Data for the task =
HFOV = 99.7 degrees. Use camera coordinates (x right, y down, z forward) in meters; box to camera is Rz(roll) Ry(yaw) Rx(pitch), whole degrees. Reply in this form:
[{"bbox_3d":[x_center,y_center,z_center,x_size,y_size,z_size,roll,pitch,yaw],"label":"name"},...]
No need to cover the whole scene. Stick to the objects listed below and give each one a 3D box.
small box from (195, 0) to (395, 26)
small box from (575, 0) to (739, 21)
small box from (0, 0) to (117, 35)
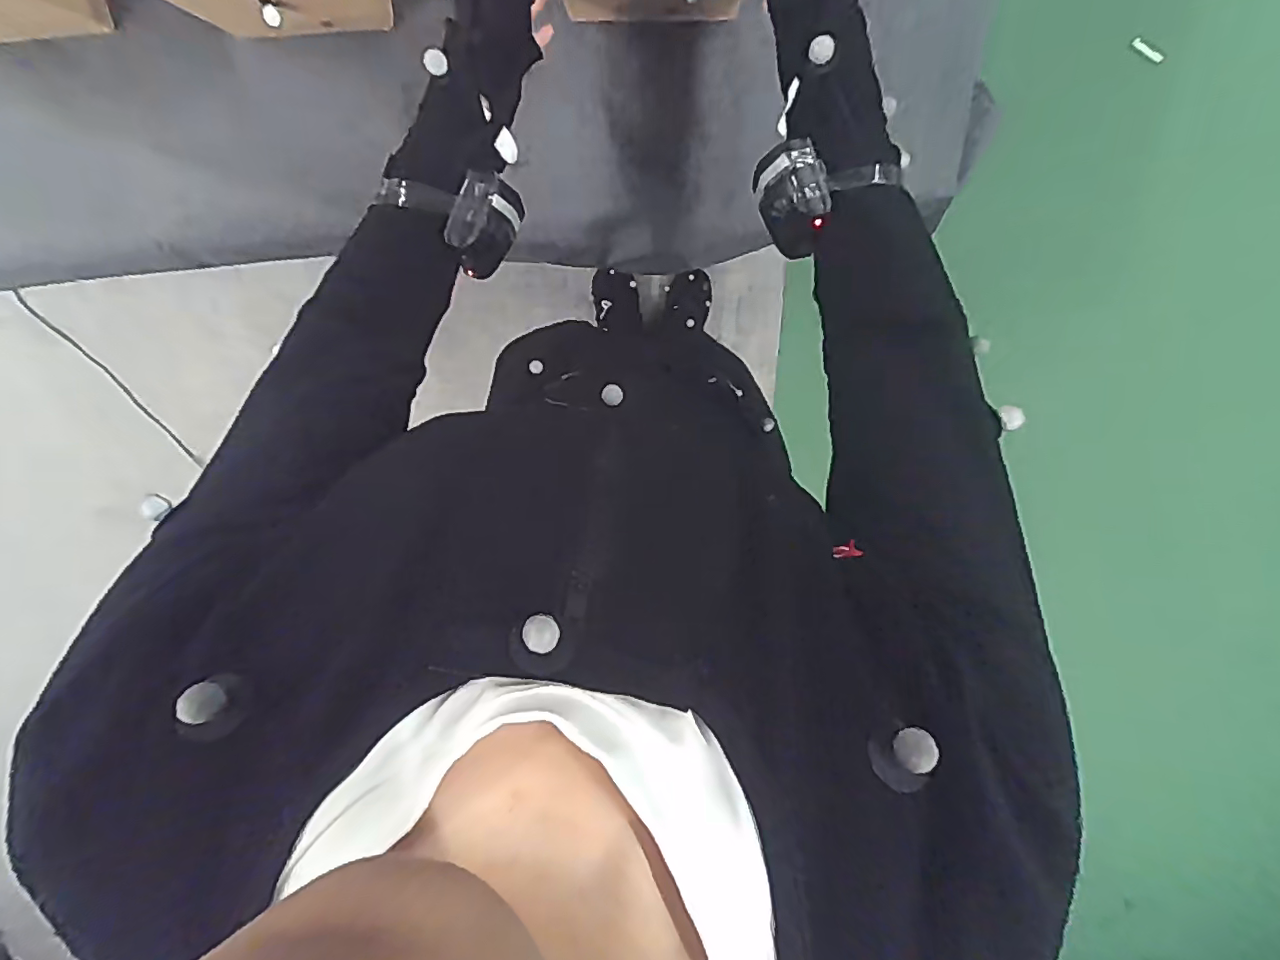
[{"bbox_3d":[-0.326,-0.503,0.442,0.168,0.176,0.179,-1,114,2],"label":"small box"},{"bbox_3d":[0.014,-0.503,0.432,0.168,0.176,0.179,1,112,1],"label":"small box"},{"bbox_3d":[-0.619,-0.502,0.451,0.179,0.176,0.168,-3,113,2],"label":"small box"}]

Action item = For each line of the material that includes the word "pitch", make a copy.

Completed exercise =
HFOV = 99.7 degrees. Use camera coordinates (x right, y down, z forward) in meters; box to camera is Rz(roll) Ry(yaw) Rx(pitch), whole degrees. Reply in this form:
[{"bbox_3d":[x_center,y_center,z_center,x_size,y_size,z_size,roll,pitch,yaw],"label":"name"},...]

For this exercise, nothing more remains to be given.